- **PROBLEM TO SOLVE**: Reproduce exactly the lines of the material beneath, from the line that contains "What was the" to the line that contains "Answer: 8.8 What", both included, and no other lines.

- **DATA IN THIS EXERCISE**:
__________
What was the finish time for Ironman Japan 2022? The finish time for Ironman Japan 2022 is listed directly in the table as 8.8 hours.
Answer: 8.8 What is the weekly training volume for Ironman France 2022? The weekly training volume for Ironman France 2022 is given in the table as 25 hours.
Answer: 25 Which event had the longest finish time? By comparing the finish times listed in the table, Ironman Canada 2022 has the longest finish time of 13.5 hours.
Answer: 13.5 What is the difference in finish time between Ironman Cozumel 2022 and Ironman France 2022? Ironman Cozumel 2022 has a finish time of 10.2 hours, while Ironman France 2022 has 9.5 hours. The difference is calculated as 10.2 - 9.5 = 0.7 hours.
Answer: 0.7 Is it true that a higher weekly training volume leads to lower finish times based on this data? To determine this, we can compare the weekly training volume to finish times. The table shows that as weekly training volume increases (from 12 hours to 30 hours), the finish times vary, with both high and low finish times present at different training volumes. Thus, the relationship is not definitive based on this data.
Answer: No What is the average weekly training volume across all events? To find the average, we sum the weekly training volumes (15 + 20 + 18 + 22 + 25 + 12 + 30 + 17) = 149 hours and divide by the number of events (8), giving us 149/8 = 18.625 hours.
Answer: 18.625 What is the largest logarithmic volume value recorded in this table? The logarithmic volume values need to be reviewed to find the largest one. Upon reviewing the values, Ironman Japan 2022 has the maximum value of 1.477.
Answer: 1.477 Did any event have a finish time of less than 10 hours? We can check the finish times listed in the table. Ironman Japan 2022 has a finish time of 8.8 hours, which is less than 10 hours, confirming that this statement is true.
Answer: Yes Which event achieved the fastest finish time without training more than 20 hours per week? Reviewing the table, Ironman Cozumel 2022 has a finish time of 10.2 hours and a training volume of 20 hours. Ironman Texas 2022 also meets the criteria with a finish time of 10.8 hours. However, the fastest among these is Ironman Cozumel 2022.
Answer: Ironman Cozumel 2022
__________
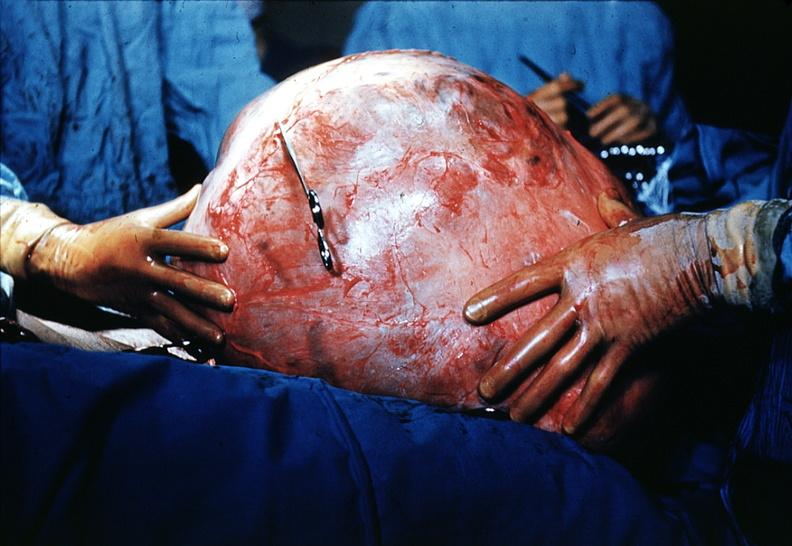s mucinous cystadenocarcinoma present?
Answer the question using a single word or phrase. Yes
__________
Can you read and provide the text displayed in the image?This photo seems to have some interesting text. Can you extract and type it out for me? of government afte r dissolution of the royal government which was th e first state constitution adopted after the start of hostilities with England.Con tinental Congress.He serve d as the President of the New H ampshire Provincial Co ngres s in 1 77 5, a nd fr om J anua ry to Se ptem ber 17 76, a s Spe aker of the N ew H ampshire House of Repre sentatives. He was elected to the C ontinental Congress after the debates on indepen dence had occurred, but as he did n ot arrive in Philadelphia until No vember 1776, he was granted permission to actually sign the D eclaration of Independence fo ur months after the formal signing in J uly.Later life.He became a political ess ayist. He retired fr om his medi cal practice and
__________
- **TASK RESULT**:
What was the finish time for Ironman Japan 2022? The finish time for Ironman Japan 2022 is listed directly in the table as 8.8 hours.
Answer: 8.8 What is the weekly training volume for Ironman France 2022? The weekly training volume for Ironman France 2022 is given in the table as 25 hours.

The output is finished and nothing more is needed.